After all, even universality and eternity are mere concepts, the opposites of being place and time-
bound. Reality is not a concept, nor the manifestation of a concept. It has nothing to do with
concepts. Concern yourself with your mind, remove its distortions and impurities. Once you had the
taste of your own self, you will find it everywhere and at all times. Therefore, it is so important that
you should come to it. Once you know it, you will never lose it.
But you must give yourself the opportunity through intensive, even arduous meditation.

Questioner:
What exactly do you want me to do?

Nisargadatta:
Give your heart and mind to brooding over the 'I am', what is it, how is it, what is its source, its
life, its meaning.

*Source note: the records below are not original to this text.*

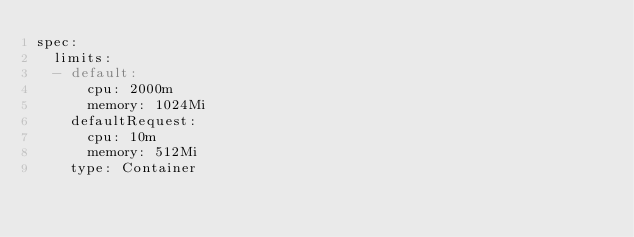Convert code to text. <code><loc_0><loc_0><loc_500><loc_500><_YAML_>spec:
  limits:
  - default:
      cpu: 2000m
      memory: 1024Mi
    defaultRequest:
      cpu: 10m
      memory: 512Mi
    type: Container
</code> 
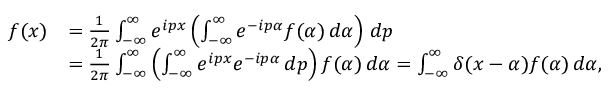Convert formula to latex. <formula><loc_0><loc_0><loc_500><loc_500>{ \begin{array} { r l } { f ( x ) } & { = { \frac { 1 } { 2 \pi } } \int _ { - \infty } ^ { \infty } e ^ { i p x } \left ( \int _ { - \infty } ^ { \infty } e ^ { - i p \alpha } f ( \alpha ) \, d \alpha \right ) \, d p } \\ & { = { \frac { 1 } { 2 \pi } } \int _ { - \infty } ^ { \infty } \left ( \int _ { - \infty } ^ { \infty } e ^ { i p x } e ^ { - i p \alpha } \, d p \right ) f ( \alpha ) \, d \alpha = \int _ { - \infty } ^ { \infty } \delta ( x - \alpha ) f ( \alpha ) \, d \alpha , } \end{array} }</formula> 
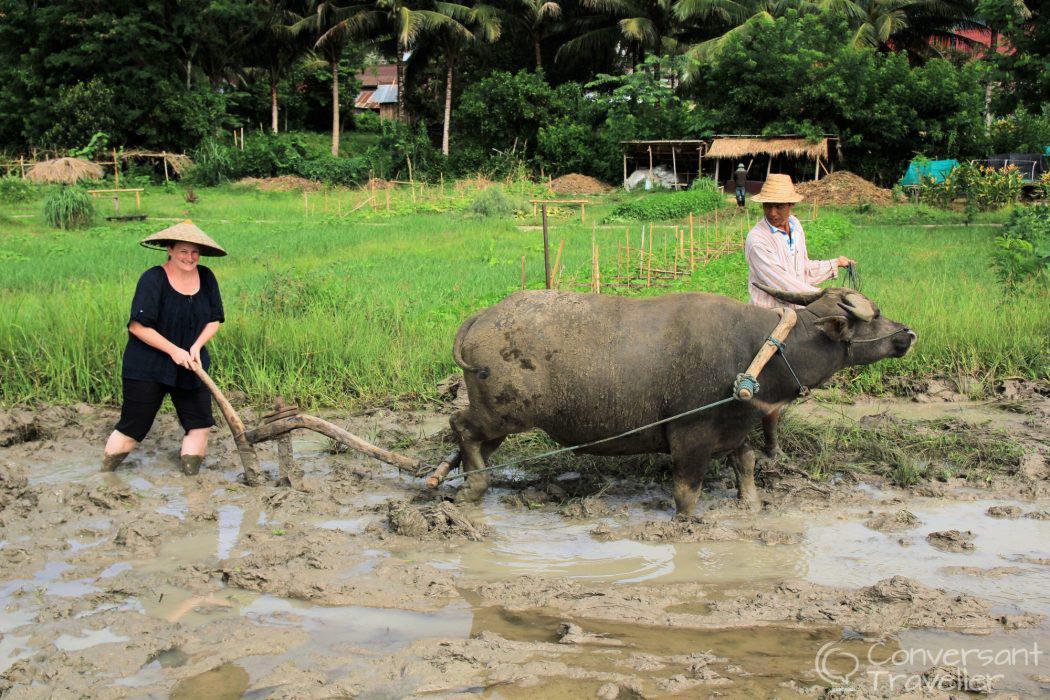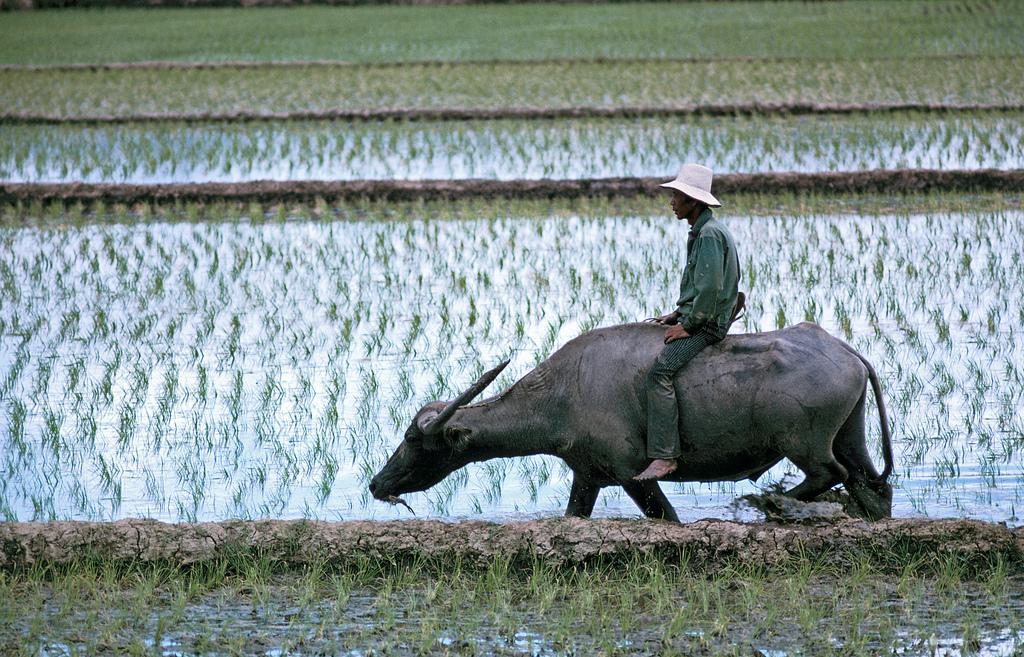The first image is the image on the left, the second image is the image on the right. Assess this claim about the two images: "The right image shows one woman walking leftward behind a plow pulled by one ox through a wet field, and the left image shows one man walking rightward behind a plow pulled by one ox through a wet field.". Correct or not? Answer yes or no. No. The first image is the image on the left, the second image is the image on the right. Analyze the images presented: Is the assertion "Each image shows a person walking behind an ox pulling a tiller" valid? Answer yes or no. No.

It is very much like digging a well. You reject all that is not water, till you reach the
life-giving spring.

Questioner:
How shall I know that I am moving in the right direction?

Nisargadatta:
By your progress in intentness, in clarity and devotion to the task.

Questioner:
We, Europeans, find it very difficult to keep quiet. The world is too much with us.

Nisargadatta:
Oh, no, you are dreamers too. We differ only in the contents of our dreams. You are after
perfection -- in the future. We are intent on finding it -- in the now. The limited only is perfectible.
The unlimited is already perfect. You are perfect, only you don't know it. Learn to know yourself and
you will discover wonders.

All you need is already within you, only you must approach your self with reverence and love. Self-
condemnation and self-distrust are grievous errors. Your constant flight from pain and search for
pleasure is a sign of love you bear for your self, all I plead with you is this: make love of your self
perfect. Deny yourself nothing -- give your self infinity and eternity and discover that you do not
need them; you are beyond.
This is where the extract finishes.